Give back, word for word, only the lines from the one containing "box [272,2,299,29], phrased" to the end of the listing below.

# # # # #

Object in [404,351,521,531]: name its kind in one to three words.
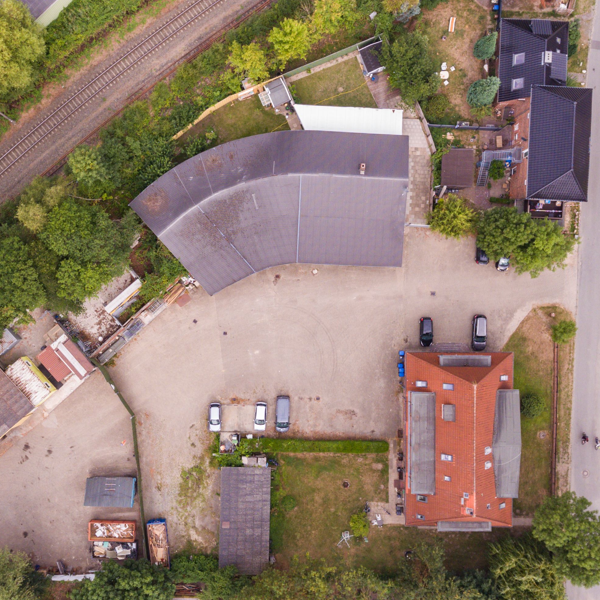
house
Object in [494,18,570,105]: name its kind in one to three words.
house
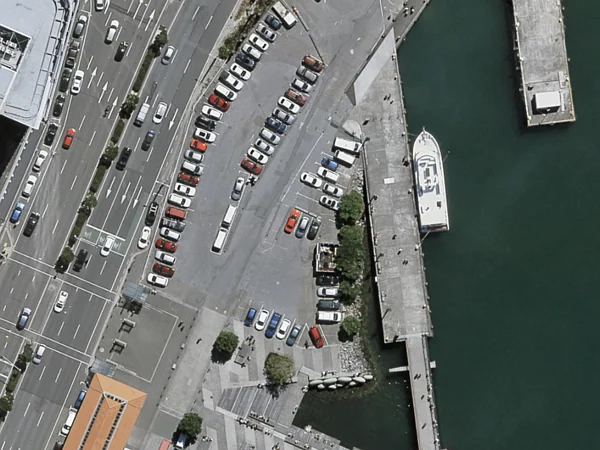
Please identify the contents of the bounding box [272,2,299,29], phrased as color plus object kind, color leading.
white truck
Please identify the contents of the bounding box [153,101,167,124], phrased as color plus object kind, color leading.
white car
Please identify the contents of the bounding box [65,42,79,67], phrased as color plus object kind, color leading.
gray vehicle
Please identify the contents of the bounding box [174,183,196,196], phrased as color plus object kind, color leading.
white vehicle
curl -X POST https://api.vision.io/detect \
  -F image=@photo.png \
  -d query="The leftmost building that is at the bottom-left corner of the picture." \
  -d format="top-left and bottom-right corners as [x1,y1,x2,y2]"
[64,373,147,450]
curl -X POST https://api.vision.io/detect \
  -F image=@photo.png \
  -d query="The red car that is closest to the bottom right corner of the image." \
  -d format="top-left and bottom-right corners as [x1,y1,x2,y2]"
[309,326,323,347]
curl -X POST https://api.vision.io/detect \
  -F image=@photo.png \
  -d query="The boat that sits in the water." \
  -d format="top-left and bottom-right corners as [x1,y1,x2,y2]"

# # # # #

▶ Answer to this exercise
Please identify the contents of the bounding box [272,2,299,29], phrased as color plus object kind, color leading.
white truck
Please identify the contents of the bounding box [153,101,167,124], phrased as color plus object kind, color leading.
white car
Please identify the contents of the bounding box [65,42,79,67], phrased as color plus object kind, color leading.
gray vehicle
Please identify the contents of the bounding box [174,183,196,196], phrased as color plus object kind, color leading.
white vehicle
curl -X POST https://api.vision.io/detect \
  -F image=@photo.png \
  -d query="The leftmost building that is at the bottom-left corner of the picture." \
  -d format="top-left and bottom-right corners as [x1,y1,x2,y2]"
[64,373,147,450]
curl -X POST https://api.vision.io/detect \
  -F image=@photo.png \
  -d query="The red car that is closest to the bottom right corner of the image." \
  -d format="top-left and bottom-right corners as [x1,y1,x2,y2]"
[309,326,323,347]
curl -X POST https://api.vision.io/detect \
  -F image=@photo.png \
  -d query="The boat that sits in the water." \
  -d format="top-left and bottom-right corners as [x1,y1,x2,y2]"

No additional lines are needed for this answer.